Case- Sajeena Ikhbal & Ors. Vs. Mini Babu George & Ors.
2. [POCSO] Principal, Teacher Not Guilty Of Failure To Report Crime When Student’s Complaint Was Sent To Police The Very Next Day : Kerela High Court
The Kerela High Court has quashed the final report against a school principal and teacher for failing to report a sexual offence complaint received from a minor student on the same day. The court stated that it cannot be justified to say that there was a wilful omission since the complaint was lodged with the police and FIR was registered on the next day itself.
Justice A. Badharudeen stated that it was harsh to hold that the principle and teacher were liable since they reported the crime to the police on the next day.
“To be more explicit, on getting information regarding the crime, if the matter is reported to the police on the next day, it is harsh to hold that there was failure to inform/report the crime to the police so that offence under section 19r/w 21 of the police act would get attracted. If the omission is only for a day fastening criminal culpability on the accused for the said short omission could not be justified. Here, the crime was made known to the petitioners on 17/11/2022. But the same was not informed to the police by the petitioners on 17/11/2022, but informed on the very next day. Such view of the matter, I am of the view that willful omission on the part of the petitioners in informing the crime as alleged could not be found to rope the petitioners into his crime with the aid of section 19r/w 21 of the police act.”
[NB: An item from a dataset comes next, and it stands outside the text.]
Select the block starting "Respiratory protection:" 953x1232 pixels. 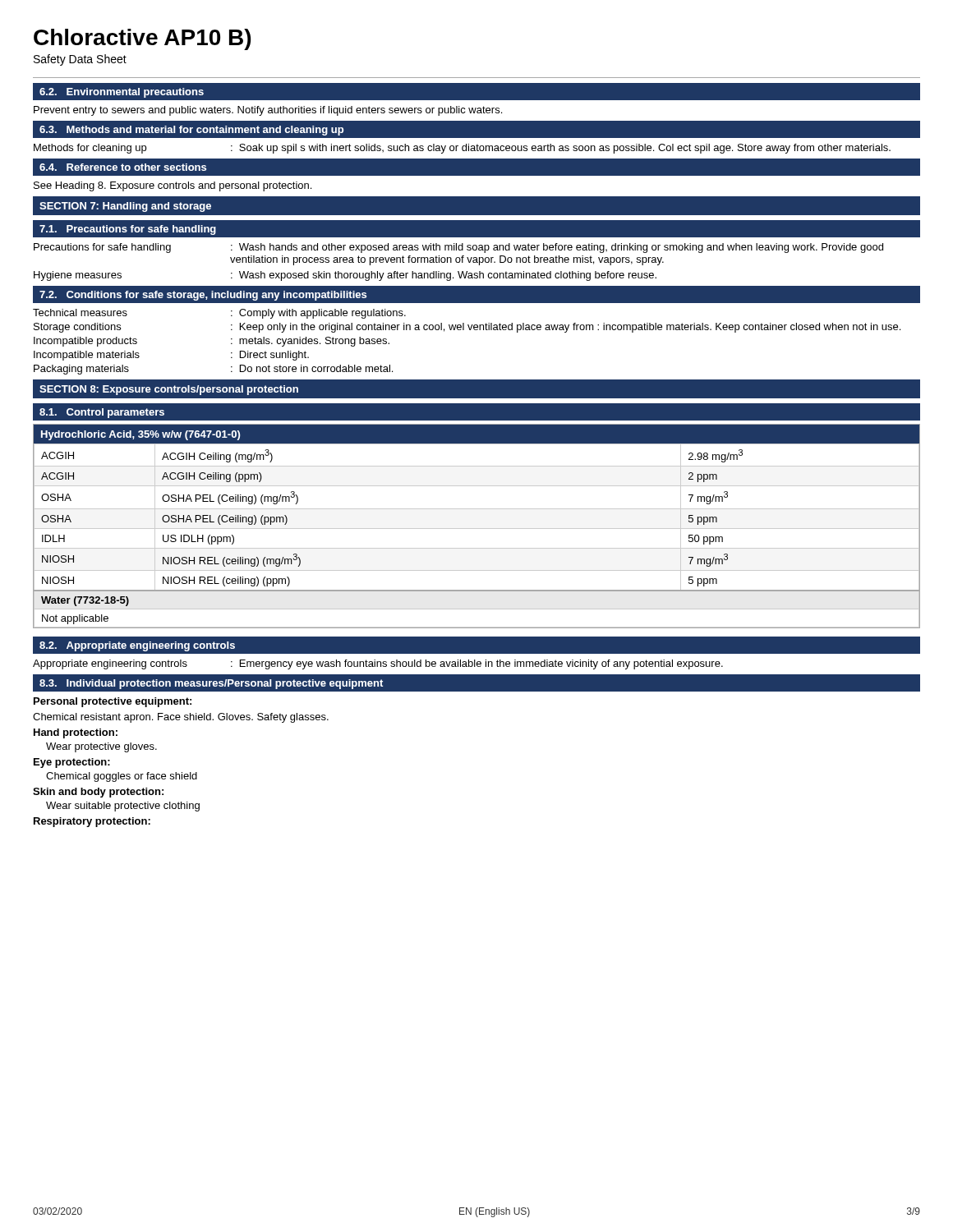(92, 821)

In the facts of the case, a school principal and teacher who were arrayed as the 3rd and 4th accused have approached the High Court to quash the final report against them under section 19 read 21 of the POCSO Act for failing to report sexual offences or receiving complaint from a minor student.
Section 19 pertains to reporting offences and section 21 provides the punishment for failure to report a case.
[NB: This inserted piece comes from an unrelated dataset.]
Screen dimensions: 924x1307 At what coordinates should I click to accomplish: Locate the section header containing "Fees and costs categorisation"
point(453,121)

As per the prosecution case, the first accused sexually assaulted and sexually harassed a minor student on November 16. It is stated that the victim complained about sexual offences to the principal on November 17 but the police were not informed on that day. It is alleged that the petitioners showed reluctance to inform the police on the same day and reported the sexual offence only on November 18, the next day after receiving the complaint.
The petitioners stated that there was no wilful reluctance on their part in reporting the offence to the police.
On the other hand, the Public Prosecutor stated that the principal showed some reluctance stating that the victim would have to face an ordeal since she would have to appear before the court many times. It was also submitted that the principal stated that the first also has a family and children and this would affect him also. It is stated that even the teacher showed hesitation in registering the FIR.
The court noted that failing to report to the police about the offence at least within 24 hours would attract an offence under section 19 of the POCSO Act. In the same breath, the court stated that it would be harsh the police were informed the next day itself. The court stated that making the petitioners liable for such a short omission could not be justified.
As such, the court quashed the final report against the principal and the teacher.